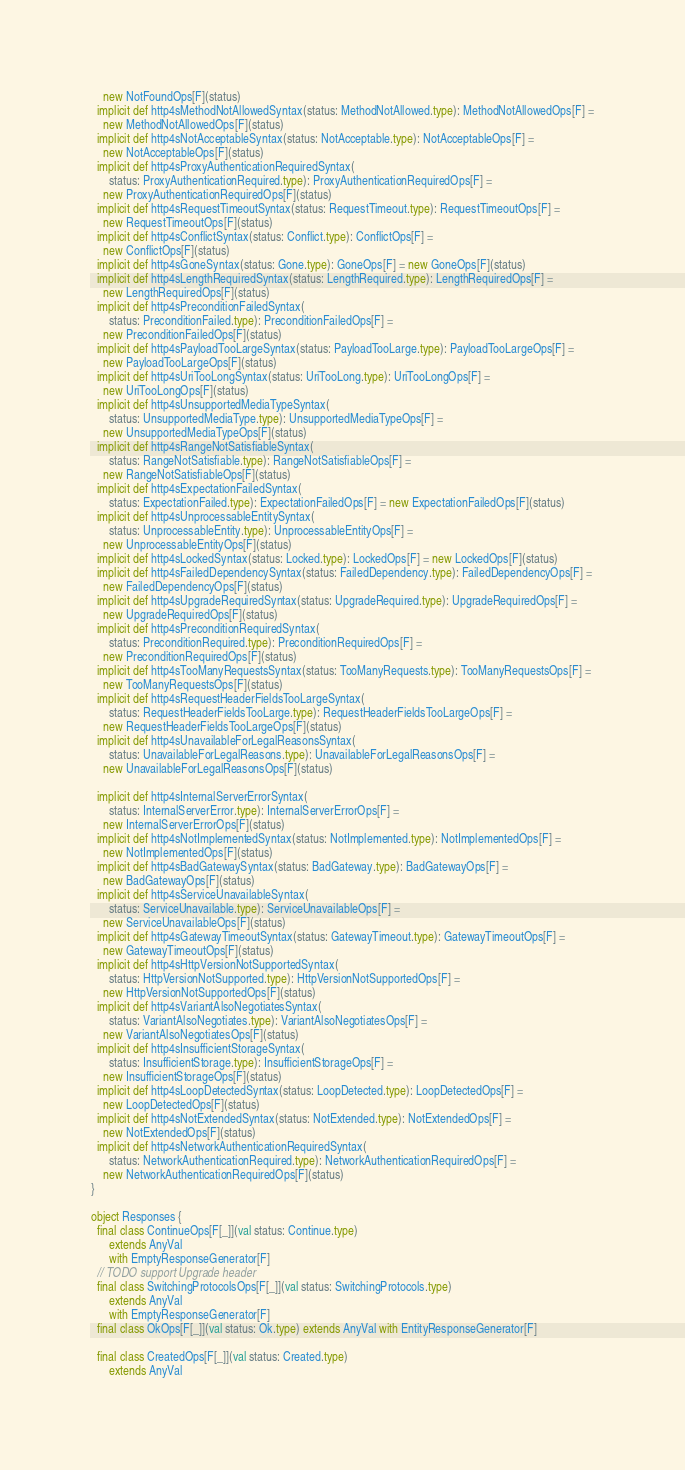<code> <loc_0><loc_0><loc_500><loc_500><_Scala_>    new NotFoundOps[F](status)
  implicit def http4sMethodNotAllowedSyntax(status: MethodNotAllowed.type): MethodNotAllowedOps[F] =
    new MethodNotAllowedOps[F](status)
  implicit def http4sNotAcceptableSyntax(status: NotAcceptable.type): NotAcceptableOps[F] =
    new NotAcceptableOps[F](status)
  implicit def http4sProxyAuthenticationRequiredSyntax(
      status: ProxyAuthenticationRequired.type): ProxyAuthenticationRequiredOps[F] =
    new ProxyAuthenticationRequiredOps[F](status)
  implicit def http4sRequestTimeoutSyntax(status: RequestTimeout.type): RequestTimeoutOps[F] =
    new RequestTimeoutOps[F](status)
  implicit def http4sConflictSyntax(status: Conflict.type): ConflictOps[F] =
    new ConflictOps[F](status)
  implicit def http4sGoneSyntax(status: Gone.type): GoneOps[F] = new GoneOps[F](status)
  implicit def http4sLengthRequiredSyntax(status: LengthRequired.type): LengthRequiredOps[F] =
    new LengthRequiredOps[F](status)
  implicit def http4sPreconditionFailedSyntax(
      status: PreconditionFailed.type): PreconditionFailedOps[F] =
    new PreconditionFailedOps[F](status)
  implicit def http4sPayloadTooLargeSyntax(status: PayloadTooLarge.type): PayloadTooLargeOps[F] =
    new PayloadTooLargeOps[F](status)
  implicit def http4sUriTooLongSyntax(status: UriTooLong.type): UriTooLongOps[F] =
    new UriTooLongOps[F](status)
  implicit def http4sUnsupportedMediaTypeSyntax(
      status: UnsupportedMediaType.type): UnsupportedMediaTypeOps[F] =
    new UnsupportedMediaTypeOps[F](status)
  implicit def http4sRangeNotSatisfiableSyntax(
      status: RangeNotSatisfiable.type): RangeNotSatisfiableOps[F] =
    new RangeNotSatisfiableOps[F](status)
  implicit def http4sExpectationFailedSyntax(
      status: ExpectationFailed.type): ExpectationFailedOps[F] = new ExpectationFailedOps[F](status)
  implicit def http4sUnprocessableEntitySyntax(
      status: UnprocessableEntity.type): UnprocessableEntityOps[F] =
    new UnprocessableEntityOps[F](status)
  implicit def http4sLockedSyntax(status: Locked.type): LockedOps[F] = new LockedOps[F](status)
  implicit def http4sFailedDependencySyntax(status: FailedDependency.type): FailedDependencyOps[F] =
    new FailedDependencyOps[F](status)
  implicit def http4sUpgradeRequiredSyntax(status: UpgradeRequired.type): UpgradeRequiredOps[F] =
    new UpgradeRequiredOps[F](status)
  implicit def http4sPreconditionRequiredSyntax(
      status: PreconditionRequired.type): PreconditionRequiredOps[F] =
    new PreconditionRequiredOps[F](status)
  implicit def http4sTooManyRequestsSyntax(status: TooManyRequests.type): TooManyRequestsOps[F] =
    new TooManyRequestsOps[F](status)
  implicit def http4sRequestHeaderFieldsTooLargeSyntax(
      status: RequestHeaderFieldsTooLarge.type): RequestHeaderFieldsTooLargeOps[F] =
    new RequestHeaderFieldsTooLargeOps[F](status)
  implicit def http4sUnavailableForLegalReasonsSyntax(
      status: UnavailableForLegalReasons.type): UnavailableForLegalReasonsOps[F] =
    new UnavailableForLegalReasonsOps[F](status)

  implicit def http4sInternalServerErrorSyntax(
      status: InternalServerError.type): InternalServerErrorOps[F] =
    new InternalServerErrorOps[F](status)
  implicit def http4sNotImplementedSyntax(status: NotImplemented.type): NotImplementedOps[F] =
    new NotImplementedOps[F](status)
  implicit def http4sBadGatewaySyntax(status: BadGateway.type): BadGatewayOps[F] =
    new BadGatewayOps[F](status)
  implicit def http4sServiceUnavailableSyntax(
      status: ServiceUnavailable.type): ServiceUnavailableOps[F] =
    new ServiceUnavailableOps[F](status)
  implicit def http4sGatewayTimeoutSyntax(status: GatewayTimeout.type): GatewayTimeoutOps[F] =
    new GatewayTimeoutOps[F](status)
  implicit def http4sHttpVersionNotSupportedSyntax(
      status: HttpVersionNotSupported.type): HttpVersionNotSupportedOps[F] =
    new HttpVersionNotSupportedOps[F](status)
  implicit def http4sVariantAlsoNegotiatesSyntax(
      status: VariantAlsoNegotiates.type): VariantAlsoNegotiatesOps[F] =
    new VariantAlsoNegotiatesOps[F](status)
  implicit def http4sInsufficientStorageSyntax(
      status: InsufficientStorage.type): InsufficientStorageOps[F] =
    new InsufficientStorageOps[F](status)
  implicit def http4sLoopDetectedSyntax(status: LoopDetected.type): LoopDetectedOps[F] =
    new LoopDetectedOps[F](status)
  implicit def http4sNotExtendedSyntax(status: NotExtended.type): NotExtendedOps[F] =
    new NotExtendedOps[F](status)
  implicit def http4sNetworkAuthenticationRequiredSyntax(
      status: NetworkAuthenticationRequired.type): NetworkAuthenticationRequiredOps[F] =
    new NetworkAuthenticationRequiredOps[F](status)
}

object Responses {
  final class ContinueOps[F[_]](val status: Continue.type)
      extends AnyVal
      with EmptyResponseGenerator[F]
  // TODO support Upgrade header
  final class SwitchingProtocolsOps[F[_]](val status: SwitchingProtocols.type)
      extends AnyVal
      with EmptyResponseGenerator[F]
  final class OkOps[F[_]](val status: Ok.type) extends AnyVal with EntityResponseGenerator[F]

  final class CreatedOps[F[_]](val status: Created.type)
      extends AnyVal</code>

The problem => Where a record holds a picture, leave the picture out and restate the rest word for word.

Your response =>
<code> <loc_0><loc_0><loc_500><loc_500><_Scala_>    new NotFoundOps[F](status)
  implicit def http4sMethodNotAllowedSyntax(status: MethodNotAllowed.type): MethodNotAllowedOps[F] =
    new MethodNotAllowedOps[F](status)
  implicit def http4sNotAcceptableSyntax(status: NotAcceptable.type): NotAcceptableOps[F] =
    new NotAcceptableOps[F](status)
  implicit def http4sProxyAuthenticationRequiredSyntax(
      status: ProxyAuthenticationRequired.type): ProxyAuthenticationRequiredOps[F] =
    new ProxyAuthenticationRequiredOps[F](status)
  implicit def http4sRequestTimeoutSyntax(status: RequestTimeout.type): RequestTimeoutOps[F] =
    new RequestTimeoutOps[F](status)
  implicit def http4sConflictSyntax(status: Conflict.type): ConflictOps[F] =
    new ConflictOps[F](status)
  implicit def http4sGoneSyntax(status: Gone.type): GoneOps[F] = new GoneOps[F](status)
  implicit def http4sLengthRequiredSyntax(status: LengthRequired.type): LengthRequiredOps[F] =
    new LengthRequiredOps[F](status)
  implicit def http4sPreconditionFailedSyntax(
      status: PreconditionFailed.type): PreconditionFailedOps[F] =
    new PreconditionFailedOps[F](status)
  implicit def http4sPayloadTooLargeSyntax(status: PayloadTooLarge.type): PayloadTooLargeOps[F] =
    new PayloadTooLargeOps[F](status)
  implicit def http4sUriTooLongSyntax(status: UriTooLong.type): UriTooLongOps[F] =
    new UriTooLongOps[F](status)
  implicit def http4sUnsupportedMediaTypeSyntax(
      status: UnsupportedMediaType.type): UnsupportedMediaTypeOps[F] =
    new UnsupportedMediaTypeOps[F](status)
  implicit def http4sRangeNotSatisfiableSyntax(
      status: RangeNotSatisfiable.type): RangeNotSatisfiableOps[F] =
    new RangeNotSatisfiableOps[F](status)
  implicit def http4sExpectationFailedSyntax(
      status: ExpectationFailed.type): ExpectationFailedOps[F] = new ExpectationFailedOps[F](status)
  implicit def http4sUnprocessableEntitySyntax(
      status: UnprocessableEntity.type): UnprocessableEntityOps[F] =
    new UnprocessableEntityOps[F](status)
  implicit def http4sLockedSyntax(status: Locked.type): LockedOps[F] = new LockedOps[F](status)
  implicit def http4sFailedDependencySyntax(status: FailedDependency.type): FailedDependencyOps[F] =
    new FailedDependencyOps[F](status)
  implicit def http4sUpgradeRequiredSyntax(status: UpgradeRequired.type): UpgradeRequiredOps[F] =
    new UpgradeRequiredOps[F](status)
  implicit def http4sPreconditionRequiredSyntax(
      status: PreconditionRequired.type): PreconditionRequiredOps[F] =
    new PreconditionRequiredOps[F](status)
  implicit def http4sTooManyRequestsSyntax(status: TooManyRequests.type): TooManyRequestsOps[F] =
    new TooManyRequestsOps[F](status)
  implicit def http4sRequestHeaderFieldsTooLargeSyntax(
      status: RequestHeaderFieldsTooLarge.type): RequestHeaderFieldsTooLargeOps[F] =
    new RequestHeaderFieldsTooLargeOps[F](status)
  implicit def http4sUnavailableForLegalReasonsSyntax(
      status: UnavailableForLegalReasons.type): UnavailableForLegalReasonsOps[F] =
    new UnavailableForLegalReasonsOps[F](status)

  implicit def http4sInternalServerErrorSyntax(
      status: InternalServerError.type): InternalServerErrorOps[F] =
    new InternalServerErrorOps[F](status)
  implicit def http4sNotImplementedSyntax(status: NotImplemented.type): NotImplementedOps[F] =
    new NotImplementedOps[F](status)
  implicit def http4sBadGatewaySyntax(status: BadGateway.type): BadGatewayOps[F] =
    new BadGatewayOps[F](status)
  implicit def http4sServiceUnavailableSyntax(
      status: ServiceUnavailable.type): ServiceUnavailableOps[F] =
    new ServiceUnavailableOps[F](status)
  implicit def http4sGatewayTimeoutSyntax(status: GatewayTimeout.type): GatewayTimeoutOps[F] =
    new GatewayTimeoutOps[F](status)
  implicit def http4sHttpVersionNotSupportedSyntax(
      status: HttpVersionNotSupported.type): HttpVersionNotSupportedOps[F] =
    new HttpVersionNotSupportedOps[F](status)
  implicit def http4sVariantAlsoNegotiatesSyntax(
      status: VariantAlsoNegotiates.type): VariantAlsoNegotiatesOps[F] =
    new VariantAlsoNegotiatesOps[F](status)
  implicit def http4sInsufficientStorageSyntax(
      status: InsufficientStorage.type): InsufficientStorageOps[F] =
    new InsufficientStorageOps[F](status)
  implicit def http4sLoopDetectedSyntax(status: LoopDetected.type): LoopDetectedOps[F] =
    new LoopDetectedOps[F](status)
  implicit def http4sNotExtendedSyntax(status: NotExtended.type): NotExtendedOps[F] =
    new NotExtendedOps[F](status)
  implicit def http4sNetworkAuthenticationRequiredSyntax(
      status: NetworkAuthenticationRequired.type): NetworkAuthenticationRequiredOps[F] =
    new NetworkAuthenticationRequiredOps[F](status)
}

object Responses {
  final class ContinueOps[F[_]](val status: Continue.type)
      extends AnyVal
      with EmptyResponseGenerator[F]
  // TODO support Upgrade header
  final class SwitchingProtocolsOps[F[_]](val status: SwitchingProtocols.type)
      extends AnyVal
      with EmptyResponseGenerator[F]
  final class OkOps[F[_]](val status: Ok.type) extends AnyVal with EntityResponseGenerator[F]

  final class CreatedOps[F[_]](val status: Created.type)
      extends AnyVal</code>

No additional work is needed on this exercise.